- **TASK DESCRIPTION**
Set down the data below from its first line to the line holding "text Baja 30 [177, 744, 1122, 773]", inclusive; omit all pictures.

Collected data entries:
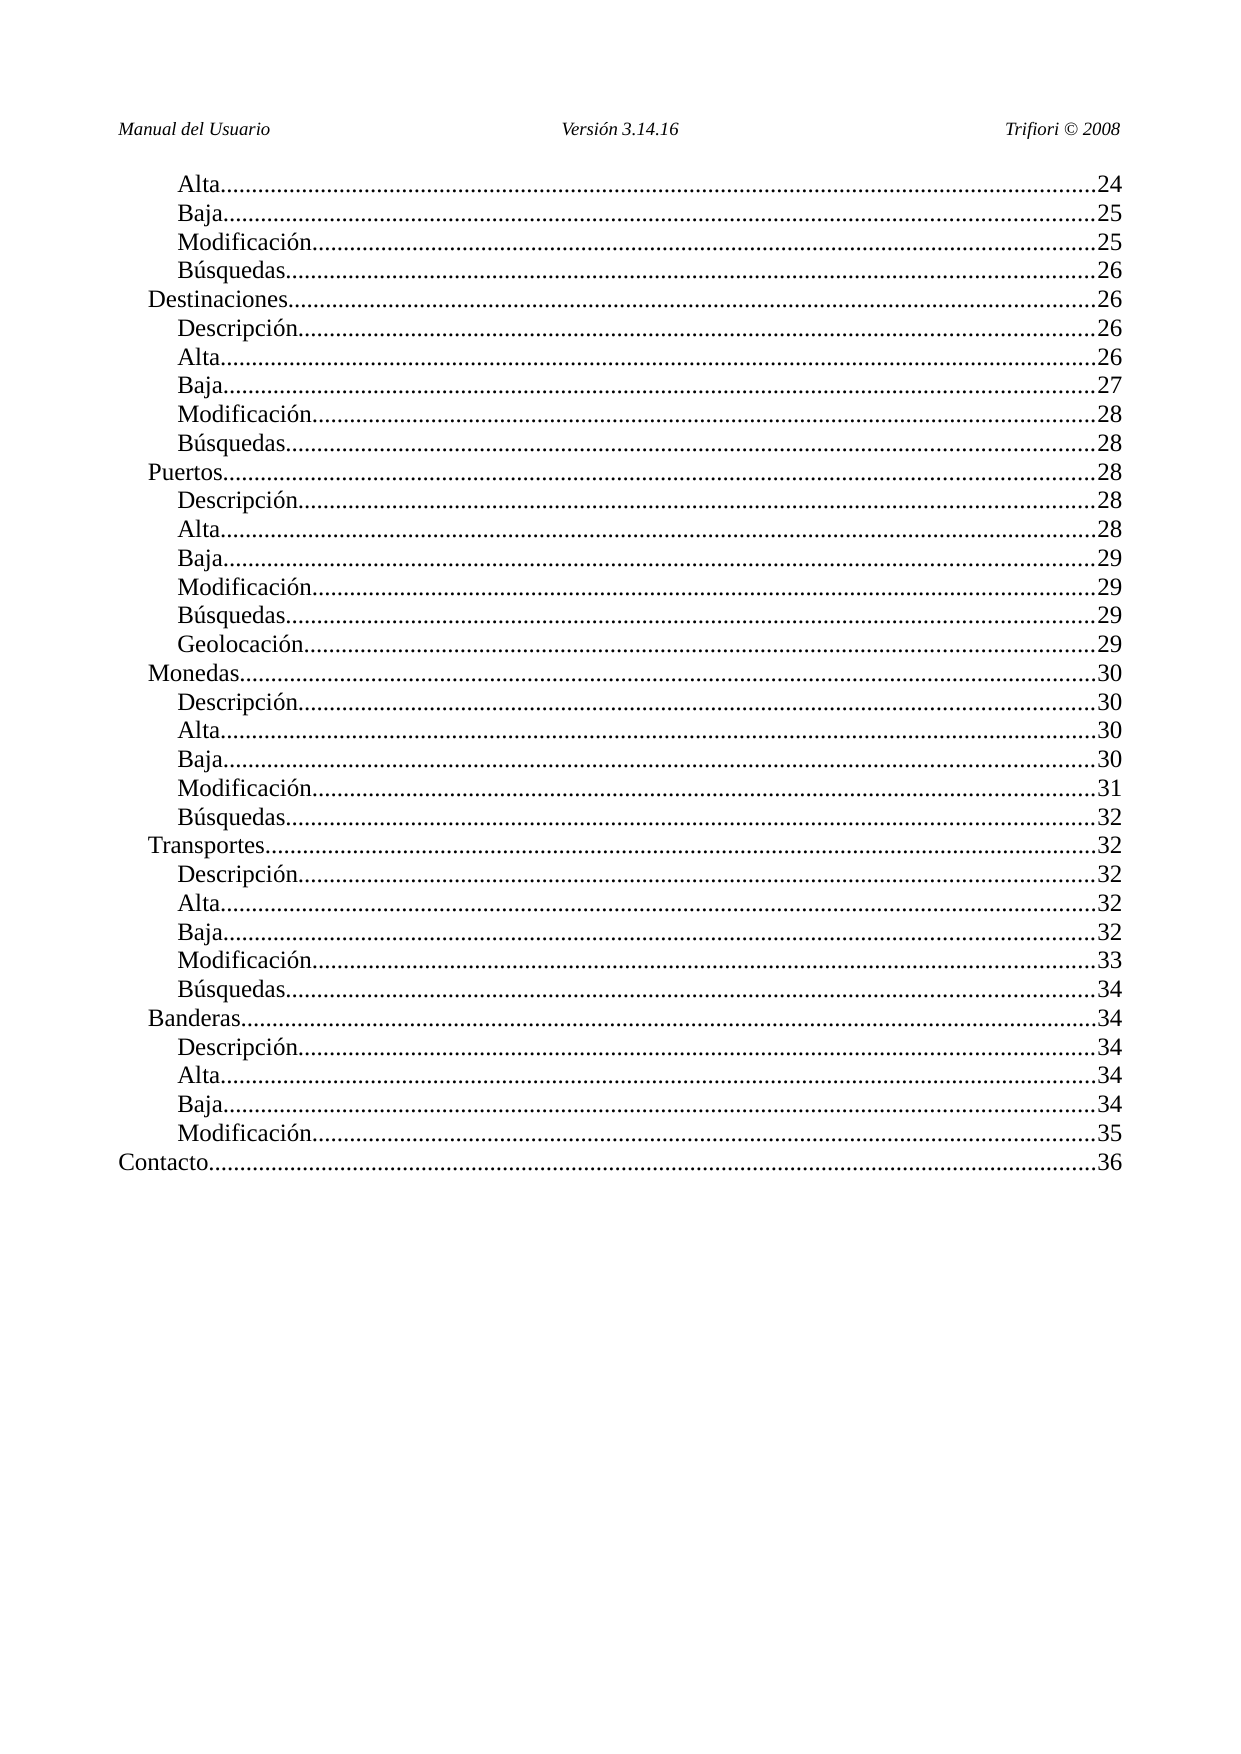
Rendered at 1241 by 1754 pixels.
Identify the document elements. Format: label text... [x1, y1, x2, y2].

text Descripción 26 [177, 313, 1122, 342]
text Alta 28 [177, 514, 1122, 543]
text Baja 29 [177, 543, 1122, 572]
text Alta 24 [177, 169, 1122, 198]
text Modificación 33 [177, 945, 1122, 974]
text Baja 32 [177, 917, 1122, 945]
text Alta 26 [177, 342, 1122, 370]
text Modificación 29 [177, 572, 1122, 600]
text Búsquedas 28 [177, 428, 1122, 457]
text Monedas 30 [148, 658, 1122, 687]
text Baja 25 [177, 198, 1122, 227]
text Búsquedas 29 [177, 600, 1122, 629]
text Contacto 36 [118, 1147, 1122, 1175]
text Baja 27 [177, 370, 1122, 399]
text Puertos 28 [148, 457, 1122, 485]
text Modificación 28 [177, 399, 1122, 428]
text Descripción 34 [177, 1032, 1122, 1060]
text Búsquedas 26 [177, 255, 1122, 284]
text Búsquedas 34 [177, 974, 1122, 1003]
text Baja 30 [177, 744, 1122, 773]
text Descripción 28 [177, 485, 1122, 514]
text Modificación 25 [177, 227, 1122, 255]
text Geolocación 29 [177, 629, 1122, 658]
text Alta 32 [177, 888, 1122, 917]
text Descripción 32 [177, 859, 1122, 888]
text Transportes 32 [148, 830, 1122, 859]
text Banderas 34 [148, 1003, 1122, 1032]
text Alta 30 [177, 715, 1122, 744]
text Baja 34 [177, 1089, 1122, 1118]
text Búsquedas 32 [177, 802, 1122, 830]
text Alta 34 [177, 1060, 1122, 1089]
text Descripción 30 [177, 687, 1122, 715]
text Modificación 35 [177, 1118, 1122, 1147]
text Modificación 31 [177, 773, 1122, 802]
text Destinaciones 26 [148, 284, 1122, 313]

- **ANSWER BELOW**
Rendered at 1241 by 1754 pixels.
Identify the document elements. Format: label text... [x1, y1, x2, y2].

text Descripción 26 [177, 313, 1122, 342]
text Alta 28 [177, 514, 1122, 543]
text Baja 29 [177, 543, 1122, 572]
text Alta 24 [177, 169, 1122, 198]
text Modificación 33 [177, 945, 1122, 974]
text Baja 32 [177, 917, 1122, 945]
text Alta 26 [177, 342, 1122, 370]
text Modificación 29 [177, 572, 1122, 600]
text Búsquedas 28 [177, 428, 1122, 457]
text Monedas 30 [148, 658, 1122, 687]
text Baja 25 [177, 198, 1122, 227]
text Búsquedas 29 [177, 600, 1122, 629]
text Contacto 36 [118, 1147, 1122, 1175]
text Baja 27 [177, 370, 1122, 399]
text Puertos 28 [148, 457, 1122, 485]
text Modificación 28 [177, 399, 1122, 428]
text Descripción 34 [177, 1032, 1122, 1060]
text Búsquedas 26 [177, 255, 1122, 284]
text Búsquedas 34 [177, 974, 1122, 1003]
text Baja 30 [177, 744, 1122, 773]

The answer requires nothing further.